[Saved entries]
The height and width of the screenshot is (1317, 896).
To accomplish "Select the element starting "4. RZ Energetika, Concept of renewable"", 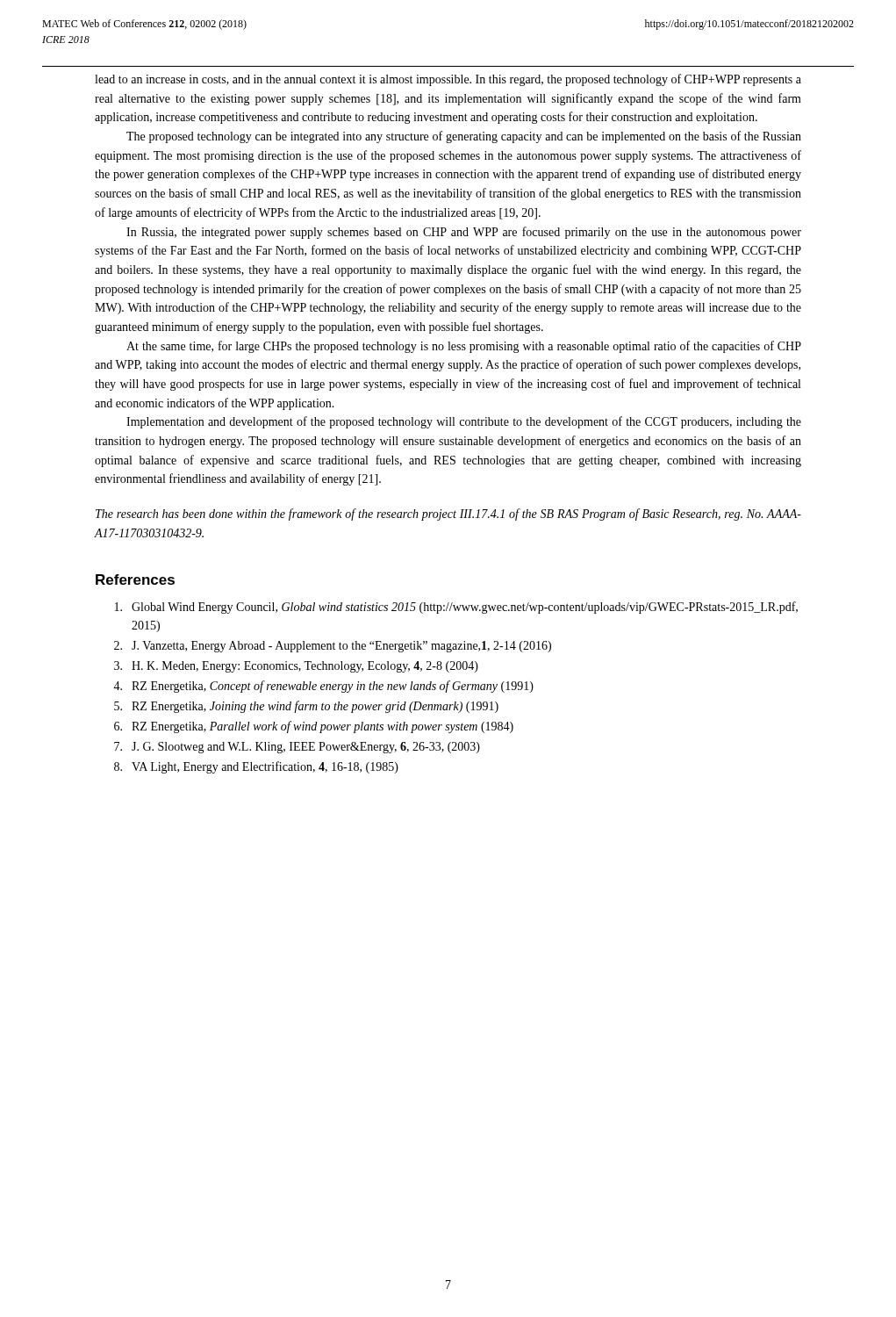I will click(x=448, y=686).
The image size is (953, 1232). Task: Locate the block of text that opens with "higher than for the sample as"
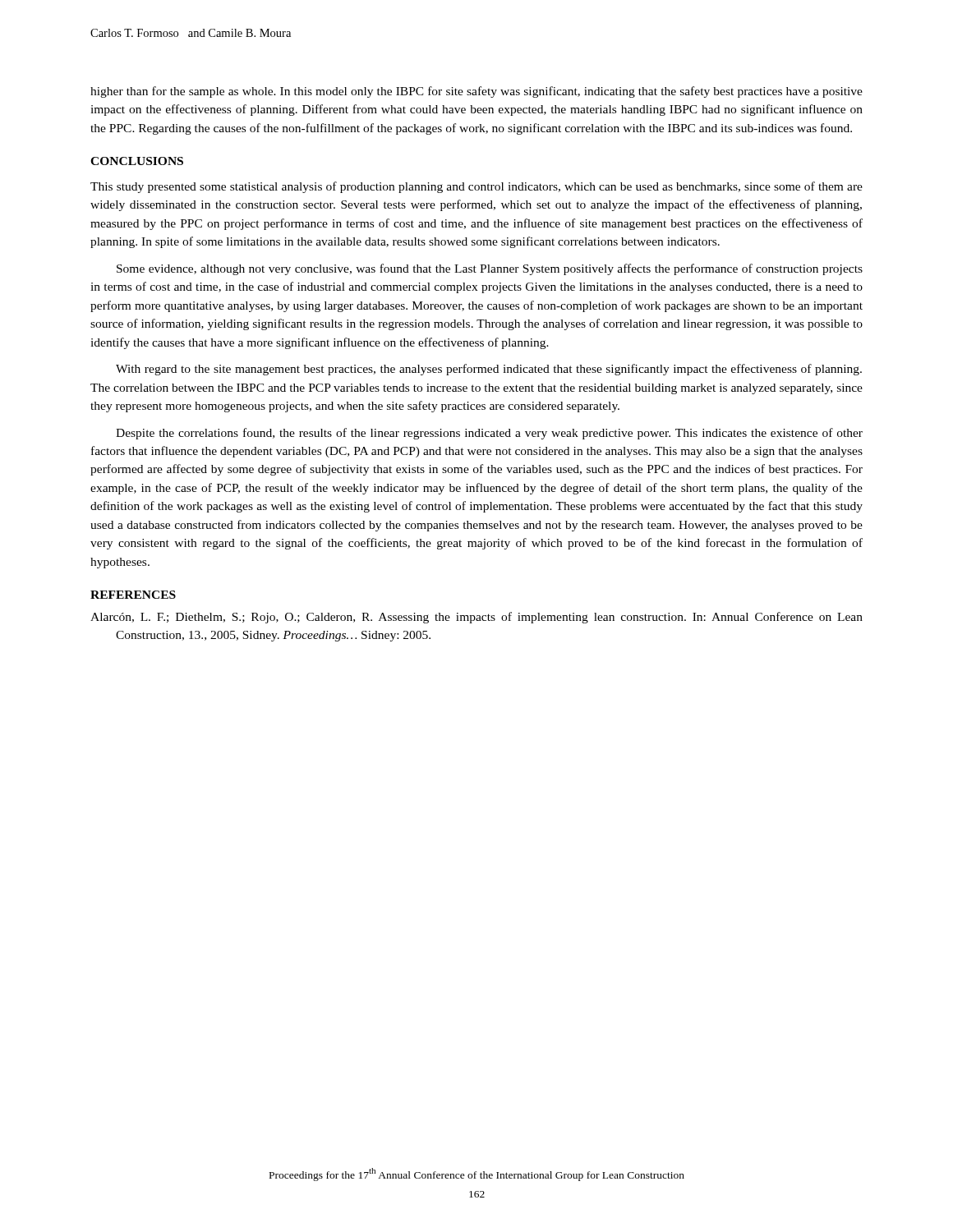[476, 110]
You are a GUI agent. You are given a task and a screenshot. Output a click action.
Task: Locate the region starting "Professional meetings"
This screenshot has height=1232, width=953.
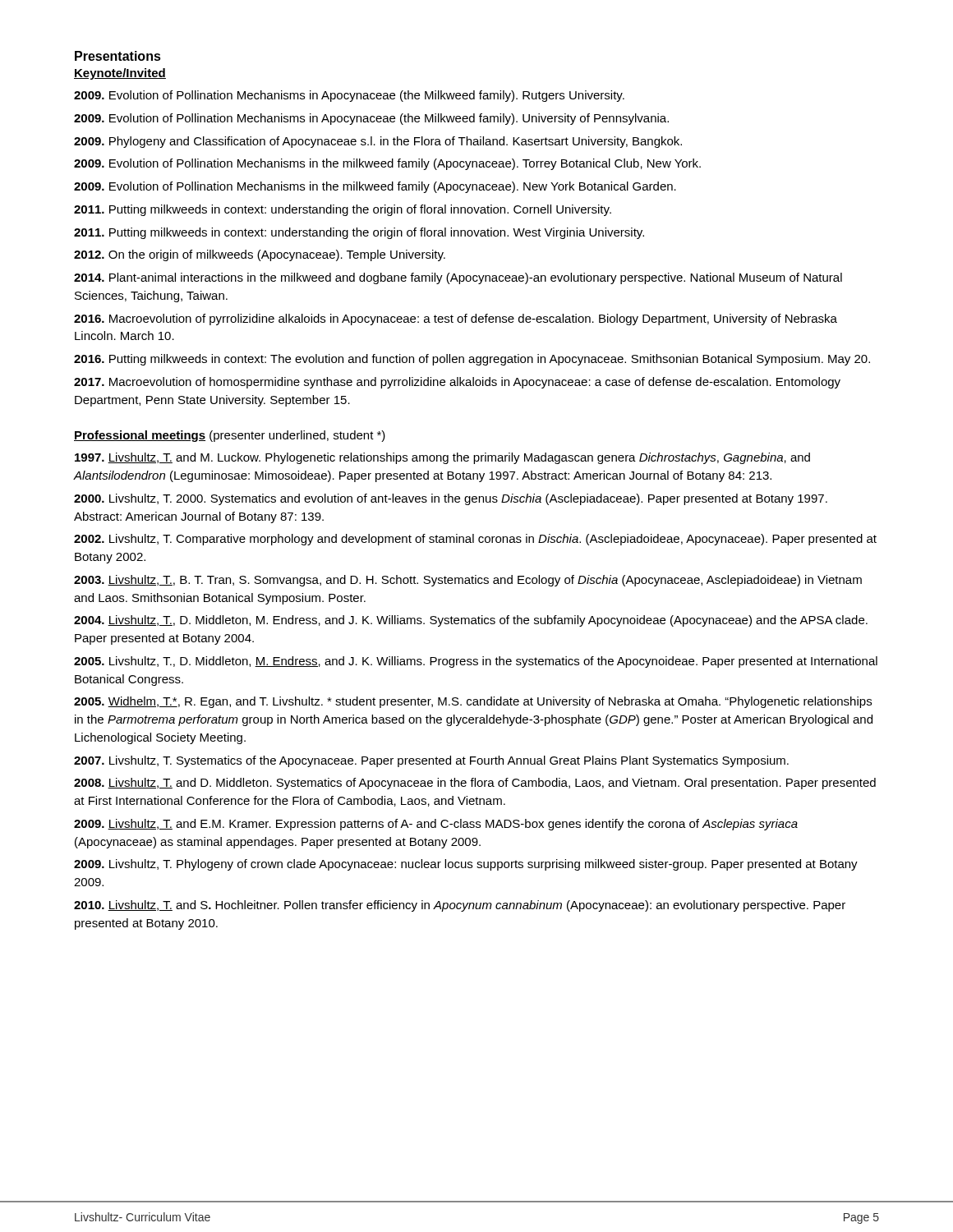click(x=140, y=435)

**Aim of the task**
Can the lines from the one with "The image size" to the end of the records above be quoted exactly, both ends included, with every picture omitted?

**Answer box**
The image size is (953, 1232). Task: Locate the block of text that opens with "higher than for the sample as"
[476, 110]
You are a GUI agent. You are given a task and a screenshot. Output a click action.
Task: Locate the region starting "Professional meetings"
This screenshot has height=1232, width=953.
click(x=140, y=435)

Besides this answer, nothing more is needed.